I think it is "chófer." Is that your "marginal bilingualism" showing or an intentional slang?


----------



## Krogl (Jan 16, 2011)

TundraGreen said:


> I think it is "chófer." Is that your "marginal bilingualism" showing or an intentional slang?


Now now ,,,,,


----------



## kcowan (Jul 24, 2010)

TundraGreen said:


> I think it is "chófer." Is that your "marginal bilingualism" showing or an intentional slang?


Worse. It is a combination of French and Spanish. Comes from my spending a month in France and the old bilingualism creeping back and pushing out newer learnings!

(It is nice to see that the unpaid selling police are still on duty. Form over substance!)


----------



## Isla Verde (Oct 19, 2011)

kcowan said:


> Worse. It is a combination of French and Spanish. Comes from my spending a month in France and the old bilingualism creeping back and pushing out newer learnings!
> 
> (It is nice to see that the unpaid selling police are still on duty. Form over substance!)


When you're writing, form, including spelling, is a big part of the substance!


----------



## TundraGreen (Jul 15, 2010)

kcowan said:


> Worse. It is a combination of French and Spanish. Comes from my spending a month in France and the old bilingualism creeping back and pushing out newer learnings!
> 
> (It is nice to see that the unpaid selling police are still on duty. Form over substance!)


Touche.


----------



## Hound Dog (Jan 18, 2009)

[_QUOTE=kcowan;649459]Don't be shy about sitting for a Jalisco DL. I got mine on May. It is simply sitting down to 20 mutliple choice questions for a database of 110. And the questions have been translated into English so you understand them in preparation but only presented in Spanish. I got my "chafurs" license first time through. And I am only marginally bilingual. You can also have a "translator" there to help you. I did not choose that option.

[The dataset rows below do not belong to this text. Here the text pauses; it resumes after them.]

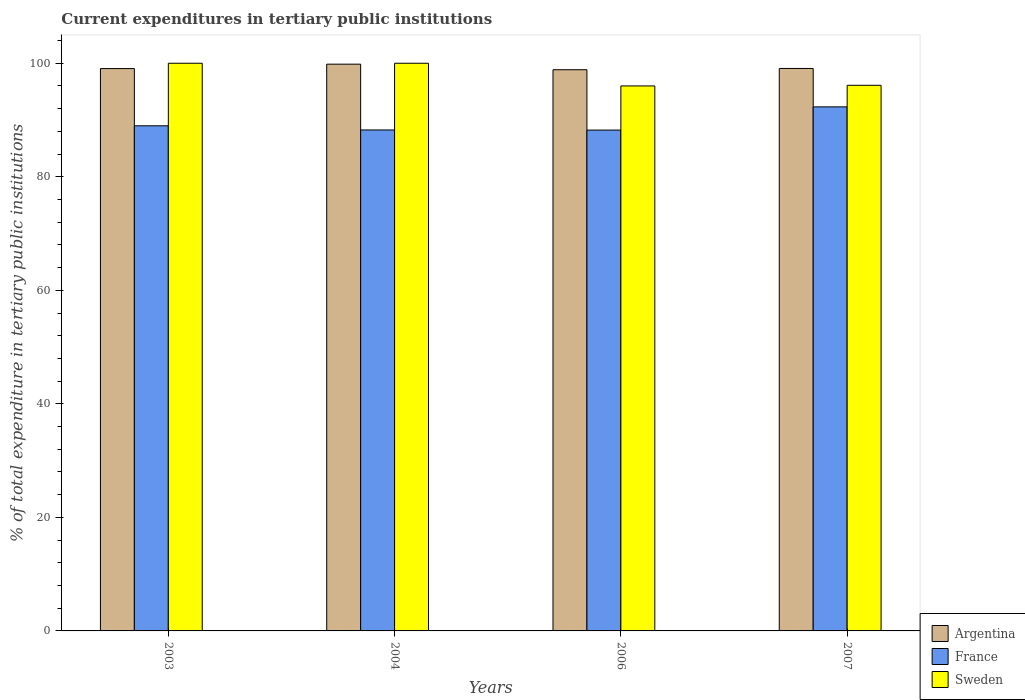How many different coloured bars are there?
Your response must be concise. 3. How many groups of bars are there?
Provide a succinct answer. 4. Are the number of bars per tick equal to the number of legend labels?
Keep it short and to the point. Yes. Are the number of bars on each tick of the X-axis equal?
Make the answer very short. Yes. What is the label of the 4th group of bars from the left?
Your answer should be compact. 2007. What is the current expenditures in tertiary public institutions in France in 2003?
Your answer should be compact. 88.98. Across all years, what is the maximum current expenditures in tertiary public institutions in France?
Your answer should be very brief. 92.32. Across all years, what is the minimum current expenditures in tertiary public institutions in Argentina?
Offer a terse response. 98.86. In which year was the current expenditures in tertiary public institutions in Sweden minimum?
Offer a very short reply. 2006. What is the total current expenditures in tertiary public institutions in France in the graph?
Your answer should be compact. 357.78. What is the difference between the current expenditures in tertiary public institutions in France in 2003 and that in 2004?
Offer a terse response. 0.73. What is the difference between the current expenditures in tertiary public institutions in Sweden in 2007 and the current expenditures in tertiary public institutions in Argentina in 2003?
Your response must be concise. -2.94. What is the average current expenditures in tertiary public institutions in Argentina per year?
Offer a very short reply. 99.21. In the year 2006, what is the difference between the current expenditures in tertiary public institutions in Sweden and current expenditures in tertiary public institutions in France?
Offer a terse response. 7.78. In how many years, is the current expenditures in tertiary public institutions in Argentina greater than 64 %?
Keep it short and to the point. 4. What is the ratio of the current expenditures in tertiary public institutions in Argentina in 2003 to that in 2007?
Make the answer very short. 1. Is the difference between the current expenditures in tertiary public institutions in Sweden in 2003 and 2004 greater than the difference between the current expenditures in tertiary public institutions in France in 2003 and 2004?
Ensure brevity in your answer.  No. What is the difference between the highest and the second highest current expenditures in tertiary public institutions in Argentina?
Give a very brief answer. 0.76. What is the difference between the highest and the lowest current expenditures in tertiary public institutions in France?
Provide a short and direct response. 4.09. What does the 1st bar from the right in 2003 represents?
Give a very brief answer. Sweden. Is it the case that in every year, the sum of the current expenditures in tertiary public institutions in France and current expenditures in tertiary public institutions in Argentina is greater than the current expenditures in tertiary public institutions in Sweden?
Your answer should be very brief. Yes. How many bars are there?
Provide a short and direct response. 12. Are all the bars in the graph horizontal?
Offer a terse response. No. Where does the legend appear in the graph?
Your response must be concise. Bottom right. How many legend labels are there?
Your answer should be compact. 3. How are the legend labels stacked?
Your response must be concise. Vertical. What is the title of the graph?
Your answer should be compact. Current expenditures in tertiary public institutions. Does "Ethiopia" appear as one of the legend labels in the graph?
Make the answer very short. No. What is the label or title of the X-axis?
Your answer should be compact. Years. What is the label or title of the Y-axis?
Your answer should be compact. % of total expenditure in tertiary public institutions. What is the % of total expenditure in tertiary public institutions in Argentina in 2003?
Give a very brief answer. 99.06. What is the % of total expenditure in tertiary public institutions of France in 2003?
Make the answer very short. 88.98. What is the % of total expenditure in tertiary public institutions of Sweden in 2003?
Offer a very short reply. 100. What is the % of total expenditure in tertiary public institutions of Argentina in 2004?
Make the answer very short. 99.84. What is the % of total expenditure in tertiary public institutions of France in 2004?
Give a very brief answer. 88.25. What is the % of total expenditure in tertiary public institutions in Sweden in 2004?
Provide a succinct answer. 100. What is the % of total expenditure in tertiary public institutions in Argentina in 2006?
Your answer should be very brief. 98.86. What is the % of total expenditure in tertiary public institutions in France in 2006?
Keep it short and to the point. 88.23. What is the % of total expenditure in tertiary public institutions of Sweden in 2006?
Give a very brief answer. 96.01. What is the % of total expenditure in tertiary public institutions in Argentina in 2007?
Give a very brief answer. 99.08. What is the % of total expenditure in tertiary public institutions of France in 2007?
Your answer should be compact. 92.32. What is the % of total expenditure in tertiary public institutions in Sweden in 2007?
Offer a very short reply. 96.12. Across all years, what is the maximum % of total expenditure in tertiary public institutions of Argentina?
Give a very brief answer. 99.84. Across all years, what is the maximum % of total expenditure in tertiary public institutions in France?
Ensure brevity in your answer.  92.32. Across all years, what is the maximum % of total expenditure in tertiary public institutions in Sweden?
Your response must be concise. 100. Across all years, what is the minimum % of total expenditure in tertiary public institutions in Argentina?
Your response must be concise. 98.86. Across all years, what is the minimum % of total expenditure in tertiary public institutions of France?
Keep it short and to the point. 88.23. Across all years, what is the minimum % of total expenditure in tertiary public institutions of Sweden?
Give a very brief answer. 96.01. What is the total % of total expenditure in tertiary public institutions in Argentina in the graph?
Give a very brief answer. 396.85. What is the total % of total expenditure in tertiary public institutions of France in the graph?
Your answer should be compact. 357.78. What is the total % of total expenditure in tertiary public institutions of Sweden in the graph?
Provide a succinct answer. 392.12. What is the difference between the % of total expenditure in tertiary public institutions of Argentina in 2003 and that in 2004?
Ensure brevity in your answer.  -0.78. What is the difference between the % of total expenditure in tertiary public institutions of France in 2003 and that in 2004?
Your answer should be compact. 0.73. What is the difference between the % of total expenditure in tertiary public institutions in Sweden in 2003 and that in 2004?
Your answer should be compact. 0. What is the difference between the % of total expenditure in tertiary public institutions in Argentina in 2003 and that in 2006?
Ensure brevity in your answer.  0.2. What is the difference between the % of total expenditure in tertiary public institutions in France in 2003 and that in 2006?
Your response must be concise. 0.75. What is the difference between the % of total expenditure in tertiary public institutions of Sweden in 2003 and that in 2006?
Your answer should be compact. 3.99. What is the difference between the % of total expenditure in tertiary public institutions in Argentina in 2003 and that in 2007?
Your answer should be compact. -0.02. What is the difference between the % of total expenditure in tertiary public institutions in France in 2003 and that in 2007?
Provide a short and direct response. -3.34. What is the difference between the % of total expenditure in tertiary public institutions in Sweden in 2003 and that in 2007?
Make the answer very short. 3.88. What is the difference between the % of total expenditure in tertiary public institutions of Argentina in 2004 and that in 2006?
Offer a terse response. 0.98. What is the difference between the % of total expenditure in tertiary public institutions of France in 2004 and that in 2006?
Make the answer very short. 0.02. What is the difference between the % of total expenditure in tertiary public institutions of Sweden in 2004 and that in 2006?
Your answer should be compact. 3.99. What is the difference between the % of total expenditure in tertiary public institutions of Argentina in 2004 and that in 2007?
Provide a succinct answer. 0.76. What is the difference between the % of total expenditure in tertiary public institutions of France in 2004 and that in 2007?
Provide a short and direct response. -4.07. What is the difference between the % of total expenditure in tertiary public institutions in Sweden in 2004 and that in 2007?
Provide a succinct answer. 3.88. What is the difference between the % of total expenditure in tertiary public institutions in Argentina in 2006 and that in 2007?
Provide a succinct answer. -0.22. What is the difference between the % of total expenditure in tertiary public institutions of France in 2006 and that in 2007?
Your answer should be compact. -4.09. What is the difference between the % of total expenditure in tertiary public institutions of Sweden in 2006 and that in 2007?
Make the answer very short. -0.11. What is the difference between the % of total expenditure in tertiary public institutions in Argentina in 2003 and the % of total expenditure in tertiary public institutions in France in 2004?
Your answer should be very brief. 10.81. What is the difference between the % of total expenditure in tertiary public institutions in Argentina in 2003 and the % of total expenditure in tertiary public institutions in Sweden in 2004?
Ensure brevity in your answer.  -0.94. What is the difference between the % of total expenditure in tertiary public institutions in France in 2003 and the % of total expenditure in tertiary public institutions in Sweden in 2004?
Provide a short and direct response. -11.02. What is the difference between the % of total expenditure in tertiary public institutions in Argentina in 2003 and the % of total expenditure in tertiary public institutions in France in 2006?
Ensure brevity in your answer.  10.83. What is the difference between the % of total expenditure in tertiary public institutions of Argentina in 2003 and the % of total expenditure in tertiary public institutions of Sweden in 2006?
Ensure brevity in your answer.  3.06. What is the difference between the % of total expenditure in tertiary public institutions in France in 2003 and the % of total expenditure in tertiary public institutions in Sweden in 2006?
Give a very brief answer. -7.03. What is the difference between the % of total expenditure in tertiary public institutions in Argentina in 2003 and the % of total expenditure in tertiary public institutions in France in 2007?
Give a very brief answer. 6.75. What is the difference between the % of total expenditure in tertiary public institutions in Argentina in 2003 and the % of total expenditure in tertiary public institutions in Sweden in 2007?
Provide a short and direct response. 2.94. What is the difference between the % of total expenditure in tertiary public institutions in France in 2003 and the % of total expenditure in tertiary public institutions in Sweden in 2007?
Ensure brevity in your answer.  -7.14. What is the difference between the % of total expenditure in tertiary public institutions in Argentina in 2004 and the % of total expenditure in tertiary public institutions in France in 2006?
Provide a succinct answer. 11.61. What is the difference between the % of total expenditure in tertiary public institutions of Argentina in 2004 and the % of total expenditure in tertiary public institutions of Sweden in 2006?
Make the answer very short. 3.83. What is the difference between the % of total expenditure in tertiary public institutions in France in 2004 and the % of total expenditure in tertiary public institutions in Sweden in 2006?
Make the answer very short. -7.76. What is the difference between the % of total expenditure in tertiary public institutions of Argentina in 2004 and the % of total expenditure in tertiary public institutions of France in 2007?
Keep it short and to the point. 7.52. What is the difference between the % of total expenditure in tertiary public institutions of Argentina in 2004 and the % of total expenditure in tertiary public institutions of Sweden in 2007?
Give a very brief answer. 3.72. What is the difference between the % of total expenditure in tertiary public institutions of France in 2004 and the % of total expenditure in tertiary public institutions of Sweden in 2007?
Offer a very short reply. -7.87. What is the difference between the % of total expenditure in tertiary public institutions in Argentina in 2006 and the % of total expenditure in tertiary public institutions in France in 2007?
Provide a succinct answer. 6.54. What is the difference between the % of total expenditure in tertiary public institutions in Argentina in 2006 and the % of total expenditure in tertiary public institutions in Sweden in 2007?
Your response must be concise. 2.74. What is the difference between the % of total expenditure in tertiary public institutions of France in 2006 and the % of total expenditure in tertiary public institutions of Sweden in 2007?
Make the answer very short. -7.89. What is the average % of total expenditure in tertiary public institutions in Argentina per year?
Keep it short and to the point. 99.21. What is the average % of total expenditure in tertiary public institutions of France per year?
Give a very brief answer. 89.44. What is the average % of total expenditure in tertiary public institutions of Sweden per year?
Ensure brevity in your answer.  98.03. In the year 2003, what is the difference between the % of total expenditure in tertiary public institutions of Argentina and % of total expenditure in tertiary public institutions of France?
Provide a succinct answer. 10.08. In the year 2003, what is the difference between the % of total expenditure in tertiary public institutions of Argentina and % of total expenditure in tertiary public institutions of Sweden?
Ensure brevity in your answer.  -0.94. In the year 2003, what is the difference between the % of total expenditure in tertiary public institutions in France and % of total expenditure in tertiary public institutions in Sweden?
Offer a terse response. -11.02. In the year 2004, what is the difference between the % of total expenditure in tertiary public institutions of Argentina and % of total expenditure in tertiary public institutions of France?
Provide a succinct answer. 11.59. In the year 2004, what is the difference between the % of total expenditure in tertiary public institutions in Argentina and % of total expenditure in tertiary public institutions in Sweden?
Provide a succinct answer. -0.16. In the year 2004, what is the difference between the % of total expenditure in tertiary public institutions of France and % of total expenditure in tertiary public institutions of Sweden?
Provide a succinct answer. -11.75. In the year 2006, what is the difference between the % of total expenditure in tertiary public institutions in Argentina and % of total expenditure in tertiary public institutions in France?
Your response must be concise. 10.63. In the year 2006, what is the difference between the % of total expenditure in tertiary public institutions of Argentina and % of total expenditure in tertiary public institutions of Sweden?
Your response must be concise. 2.86. In the year 2006, what is the difference between the % of total expenditure in tertiary public institutions of France and % of total expenditure in tertiary public institutions of Sweden?
Provide a succinct answer. -7.78. In the year 2007, what is the difference between the % of total expenditure in tertiary public institutions in Argentina and % of total expenditure in tertiary public institutions in France?
Provide a short and direct response. 6.77. In the year 2007, what is the difference between the % of total expenditure in tertiary public institutions of Argentina and % of total expenditure in tertiary public institutions of Sweden?
Your answer should be compact. 2.97. In the year 2007, what is the difference between the % of total expenditure in tertiary public institutions in France and % of total expenditure in tertiary public institutions in Sweden?
Your answer should be very brief. -3.8. What is the ratio of the % of total expenditure in tertiary public institutions in France in 2003 to that in 2004?
Provide a succinct answer. 1.01. What is the ratio of the % of total expenditure in tertiary public institutions of Sweden in 2003 to that in 2004?
Provide a short and direct response. 1. What is the ratio of the % of total expenditure in tertiary public institutions in France in 2003 to that in 2006?
Offer a very short reply. 1.01. What is the ratio of the % of total expenditure in tertiary public institutions in Sweden in 2003 to that in 2006?
Keep it short and to the point. 1.04. What is the ratio of the % of total expenditure in tertiary public institutions in France in 2003 to that in 2007?
Keep it short and to the point. 0.96. What is the ratio of the % of total expenditure in tertiary public institutions in Sweden in 2003 to that in 2007?
Your answer should be very brief. 1.04. What is the ratio of the % of total expenditure in tertiary public institutions in Argentina in 2004 to that in 2006?
Ensure brevity in your answer.  1.01. What is the ratio of the % of total expenditure in tertiary public institutions in France in 2004 to that in 2006?
Offer a terse response. 1. What is the ratio of the % of total expenditure in tertiary public institutions in Sweden in 2004 to that in 2006?
Provide a succinct answer. 1.04. What is the ratio of the % of total expenditure in tertiary public institutions in Argentina in 2004 to that in 2007?
Your response must be concise. 1.01. What is the ratio of the % of total expenditure in tertiary public institutions in France in 2004 to that in 2007?
Your answer should be very brief. 0.96. What is the ratio of the % of total expenditure in tertiary public institutions of Sweden in 2004 to that in 2007?
Make the answer very short. 1.04. What is the ratio of the % of total expenditure in tertiary public institutions in Argentina in 2006 to that in 2007?
Keep it short and to the point. 1. What is the ratio of the % of total expenditure in tertiary public institutions in France in 2006 to that in 2007?
Make the answer very short. 0.96. What is the difference between the highest and the second highest % of total expenditure in tertiary public institutions in Argentina?
Ensure brevity in your answer.  0.76. What is the difference between the highest and the second highest % of total expenditure in tertiary public institutions of France?
Provide a short and direct response. 3.34. What is the difference between the highest and the second highest % of total expenditure in tertiary public institutions in Sweden?
Keep it short and to the point. 0. What is the difference between the highest and the lowest % of total expenditure in tertiary public institutions of Argentina?
Keep it short and to the point. 0.98. What is the difference between the highest and the lowest % of total expenditure in tertiary public institutions of France?
Your answer should be compact. 4.09. What is the difference between the highest and the lowest % of total expenditure in tertiary public institutions of Sweden?
Keep it short and to the point. 3.99.

But if you plan to travel, keep your original license. Hertz charges extra to verify that the Jalisco license was valid (5 Euros in France).[/QUOTE]_

Now, that´s´interesting. My wife and I only have Mexican driver´s licenses, issued both by Jalisco and Chiapas states. She and I visit France often and rent cars there from various rental agencies including Hertz. We have never had anyone question our Mexican driver´s licenses nor have any of those agencies ever hinted that they would charge us even one miniscule fraction of a Euro to verify our driver´s licenses. Readers should discount this warning and go to France with your Mexican driver´s licenses without any fear of harassment or any charges whatsoever because your license was issued by a Mexican state. It´s the Unied States we avoid like the plague - France is much more accepting of people with foreign credentials. In fact, we no longer fly through the U.S. when traveling from Mexico City to Paris but non-stop between those two cities even when it´s more expensive than transitting through the U.S. No more gestapo-like Homeland Security nonsense for us, thank you.


----------



## kcowan (Jul 24, 2010)

Hound Dog said:


> kcowan said:
> 
> 
> > But if you plan to travel, keep your original license. Hertz charges extra to verify that the Jalisco license was valid (5 Euros in France).
> ...


Interesting and also accurate. They did not question it. They just took down the particulars and when I checked in the charge showed up on the bill. This was at the central Hertz outlet in Paris in September. It is not known for its efficiency so the charge surprised me. My friend who lives full-time in Nuevo Vallarta rented a car at the same place and used his Texas DL.


----------



## Mexicodrifter (Sep 11, 2011)

I have rented and will again in December from auto rental agencies in
the states. They do ask is you reside in the U.S. or not. Since my passport says I reside in Mexico I can´t lie, but find it unobtrusive. One auto rental agency told me that I was not able to rent from themf because of my age, 67.

I hold a Missouri, a State of Mexico driver of auto, Chófer, license and a State of Guerrero motocycle licsense. I have not found anyone who cared about all the different plastics. To me it was just easy to apply wherever I happened to be when I needed one. I never had to fill out a thing or take a test either. Also, the state of Mexico license is permanent. Unless I lose it I will posses it for the rest of my life. They are not issueing them anymore.


----------